## Work task
Transcribe every record as it stands and set the images aside.

---

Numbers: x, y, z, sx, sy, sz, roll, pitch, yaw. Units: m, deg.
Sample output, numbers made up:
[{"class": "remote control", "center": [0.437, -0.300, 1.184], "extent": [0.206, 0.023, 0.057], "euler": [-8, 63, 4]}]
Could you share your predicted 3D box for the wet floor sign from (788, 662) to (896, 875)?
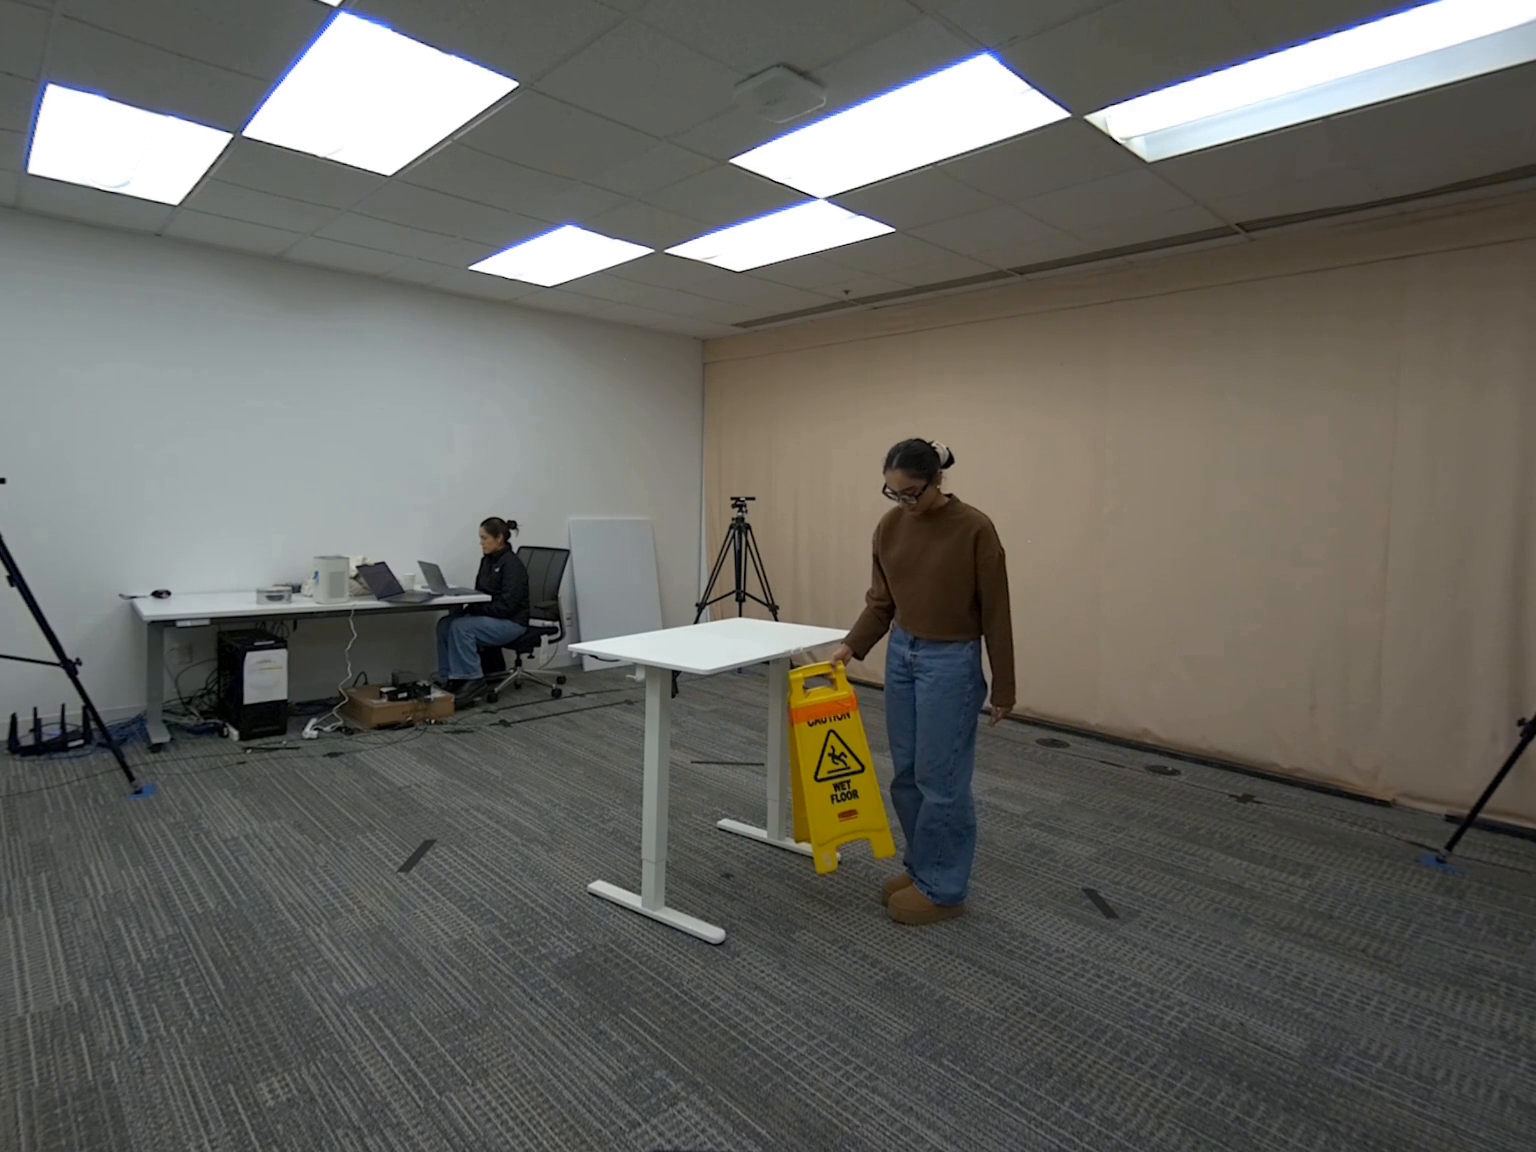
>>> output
[{"class": "wet floor sign", "center": [0.208, 0.626, 2.879], "extent": [0.280, 0.644, 0.293], "euler": [-8, 3, -13]}]
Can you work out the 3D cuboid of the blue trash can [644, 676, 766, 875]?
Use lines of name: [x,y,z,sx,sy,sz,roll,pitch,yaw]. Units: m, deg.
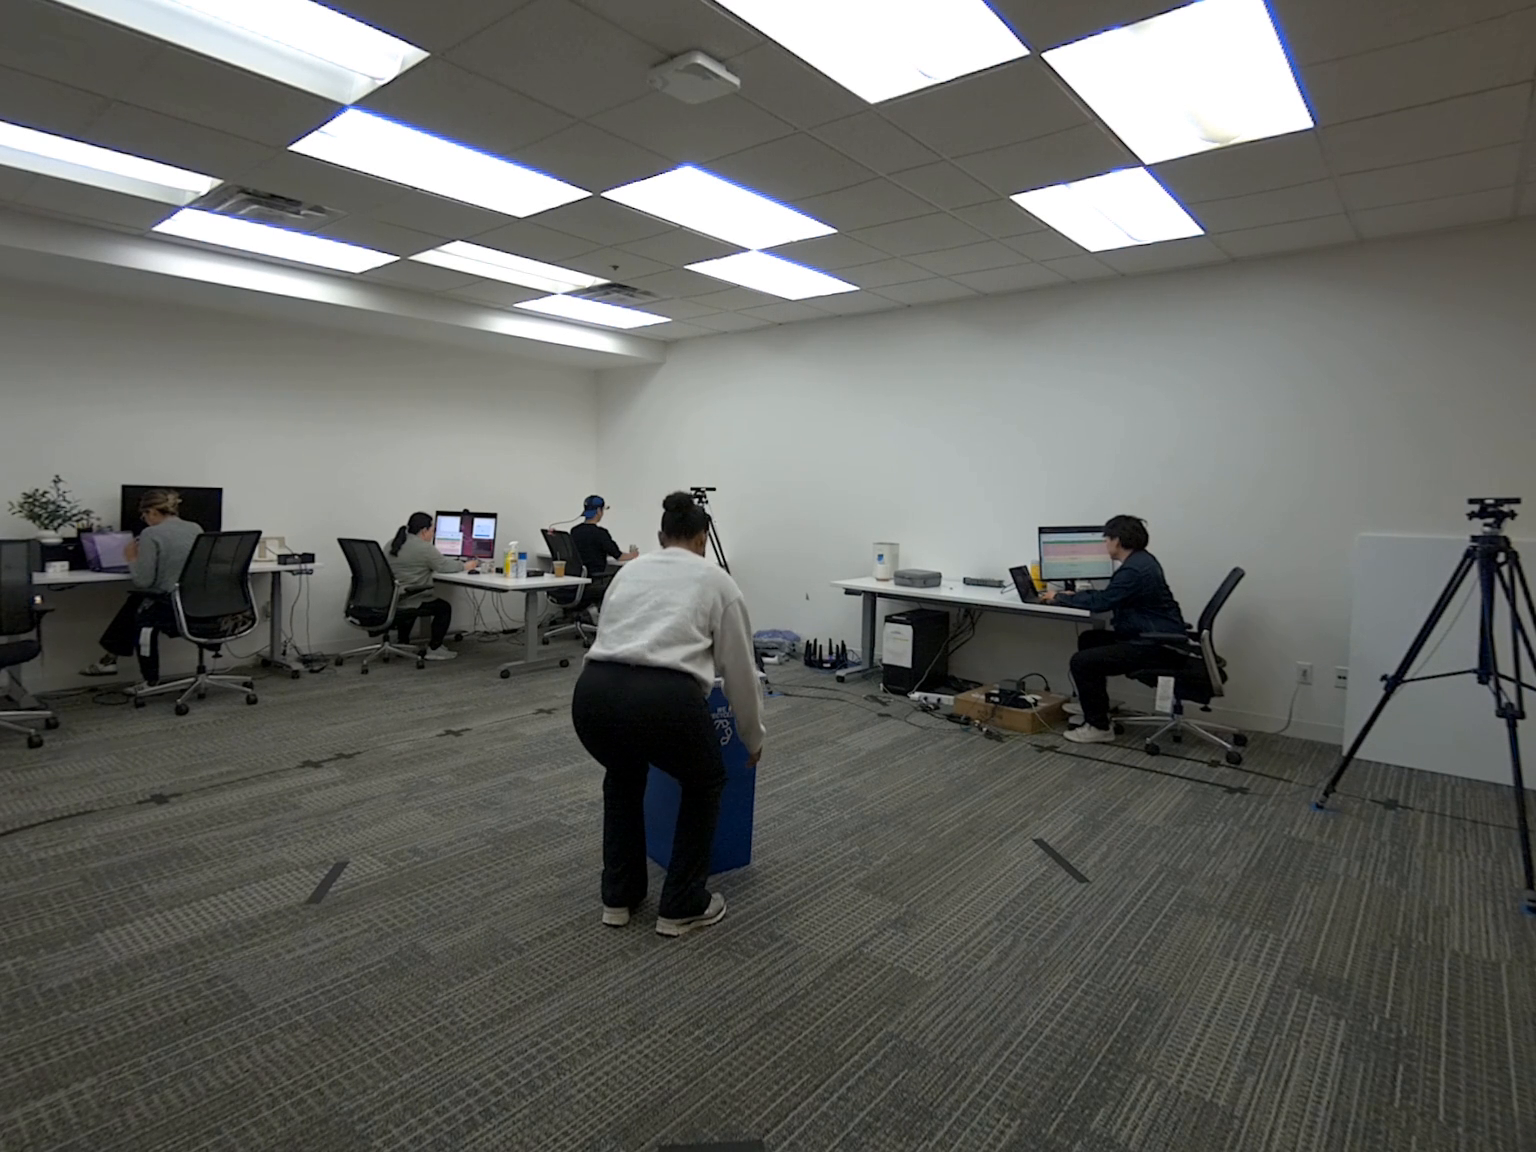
blue trash can: [-0.257,0.700,3.175,0.367,0.712,0.386,0,3,-37]
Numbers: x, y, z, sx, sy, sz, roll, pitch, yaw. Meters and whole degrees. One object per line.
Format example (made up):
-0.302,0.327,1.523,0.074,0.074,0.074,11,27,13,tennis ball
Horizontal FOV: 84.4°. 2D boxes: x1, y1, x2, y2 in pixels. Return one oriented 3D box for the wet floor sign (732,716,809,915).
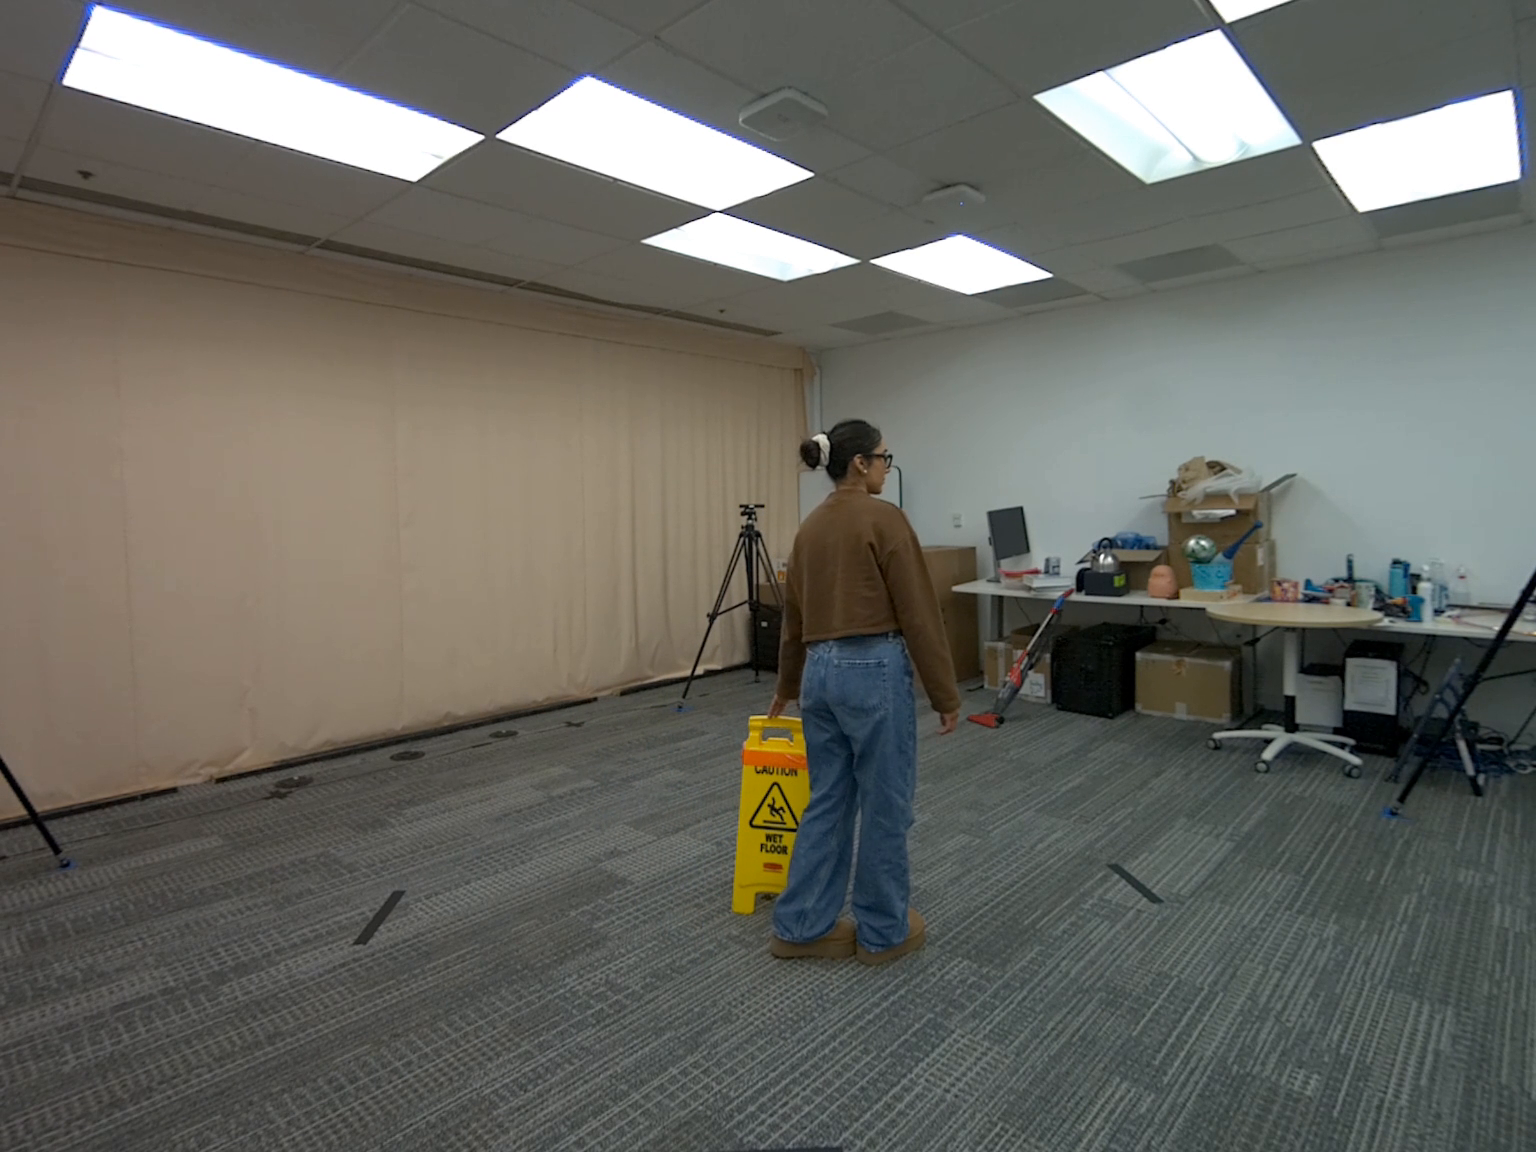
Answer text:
0.041,0.815,2.963,0.286,0.645,0.286,1,3,13,wet floor sign

---

## The answer
Numbers: x, y, z, sx, sy, sz, roll, pitch, yaw. Units: m, deg.
Sample output, numbers made up:
[{"class": "remote control", "center": [0.437, -0.300, 1.184], "extent": [0.206, 0.023, 0.057], "euler": [-8, 63, 4]}]
Could you share your predicted 3D box for the wet floor sign from (788, 662) to (896, 875)?
>>> output
[{"class": "wet floor sign", "center": [0.208, 0.626, 2.879], "extent": [0.280, 0.644, 0.293], "euler": [-8, 3, -13]}]
Can you work out the 3D cuboid of the blue trash can [644, 676, 766, 875]?
Use lines of name: [x,y,z,sx,sy,sz,roll,pitch,yaw]. Units: m, deg.
blue trash can: [-0.257,0.700,3.175,0.367,0.712,0.386,0,3,-37]
Numbers: x, y, z, sx, sy, sz, roll, pitch, yaw. Meters and whole degrees. One object per line.
Format example (made up):
-0.302,0.327,1.523,0.074,0.074,0.074,11,27,13,tennis ball
Horizontal FOV: 84.4°. 2D boxes: x1, y1, x2, y2 in pixels. Return one oriented 3D box for the wet floor sign (732,716,809,915).
Answer text:
0.041,0.815,2.963,0.286,0.645,0.286,1,3,13,wet floor sign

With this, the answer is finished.